Usually, the antifoaming agent is a nonionic organic surface-active polymer having hydrophobic groups, blocks or chains and hydrophilic ester groups, blocks, units or chains. However, anionic, cationic and amphoteric antifoaming agents are also known. Some phosphate esters are also suitable for use as antifoam agents. For example, the chemical formula RO- (PO ₃ M) _n R
Wherein n is in the range of 1 to about 60 for the cyclic phosphate, usually a number less than 10, M is an alkali metal and R is an organic group or M, and at least one R is an oxyalkylene chain. Such an organic group.
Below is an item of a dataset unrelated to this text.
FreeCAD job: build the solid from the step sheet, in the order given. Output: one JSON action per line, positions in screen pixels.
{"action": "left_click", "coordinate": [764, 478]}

Suitable antifoaming surfactants include ethylene oxide / propylene oxide blocked nonionic surfactants, fluorocarbons and alkylated phosphate esters. If present, the defoamer is present at a concentration of about 0.1% to 10%, preferably about 0.5% to 6%, and most preferably about 1% to 4% by weight of the composition. % Will be present.

[Form and shape of the composition]
The alkaline chemical composition used in the claimed product of the present invention may take any form including particulate or granular, agglomerated, compressed, extruded solids or cast solids. Granular solids contain any particulate that ranges from a few microns or millimeters in diameter to about 1 inch (2.5 cm) in diameter and desirably 0.25 inch (0.64 cm) or less. Also good. These granular solids can be formed through any kind of mixing or particulate forming means well known to those skilled in the art.
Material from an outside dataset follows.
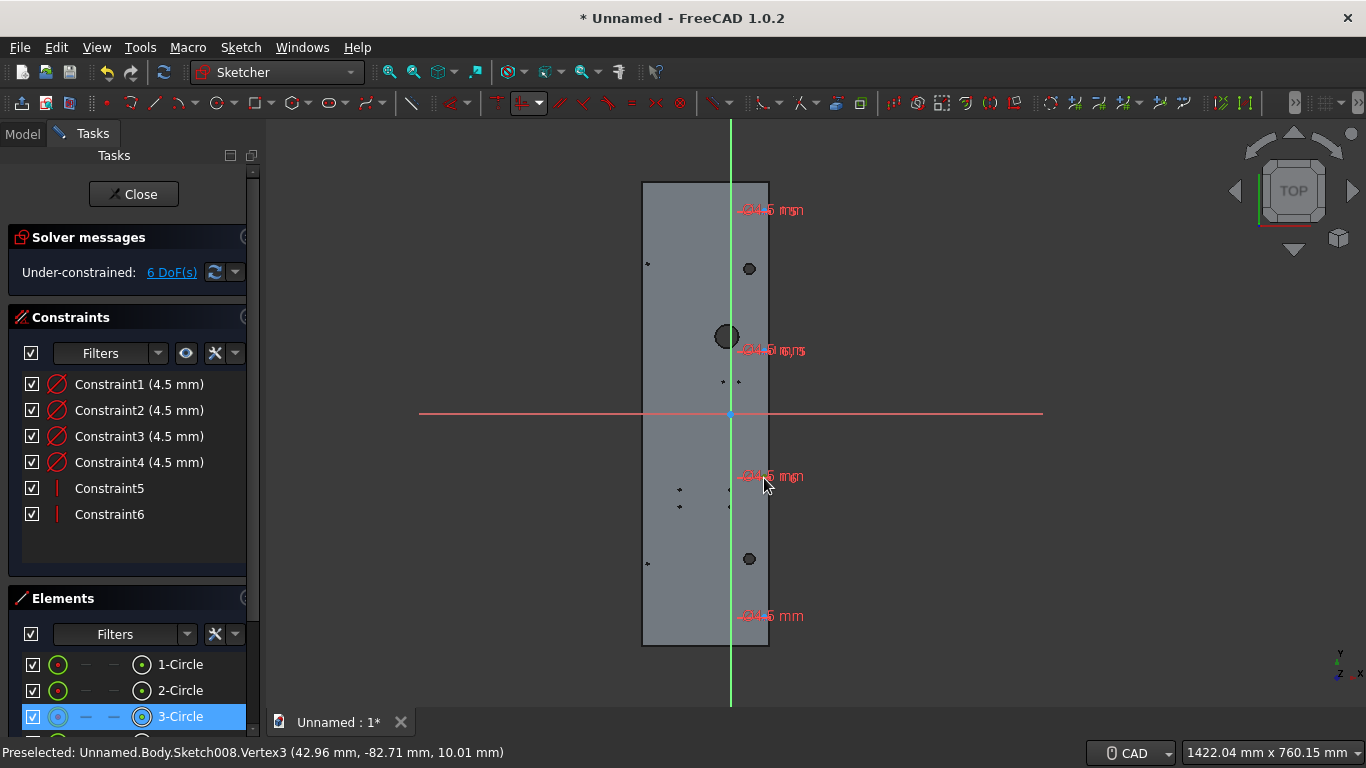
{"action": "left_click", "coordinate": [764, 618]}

  Compressed solids include extrusions, tablet moldings, pellet moldings and other solids formed by processes well known to those skilled in the art. The compacted solids may range in fractions in diameter above the inch level and desirably up to about 2 inches (5 cm) in diameter. A cast solid is a material that is cast in a process well known to those skilled in the art. Cast solids usually consist of a single mass of drug, for economic reasons of use, having a diameter of about 4 inches to 12 inches (10 cm to 30 cm), and most preferably about 6 inches to 8 inches ( 15 to 20 cm) and weighs about 2 to 10 pounds (1 to 5 kg).

  The solids used in the present invention may be homogeneous or heterogeneous. Homogeneous indicates that the solid mass is an even and uniform chemical and physical mixture of components. Heterogeneous indicates that the solid mass has an uneven or non-uniform chemical or physical composition. For example, the heterogeneous mass includes a solid detergent detergent containing a nonionic surfactant and encapsulated chlorine granules. Non-ionic surfactants and chlorine have no affinity, and when mixed in solids, form a chemical composition or physically sized granules or encapsulates rather than a solid mass Usually, it is necessary to encapsulate chlorine.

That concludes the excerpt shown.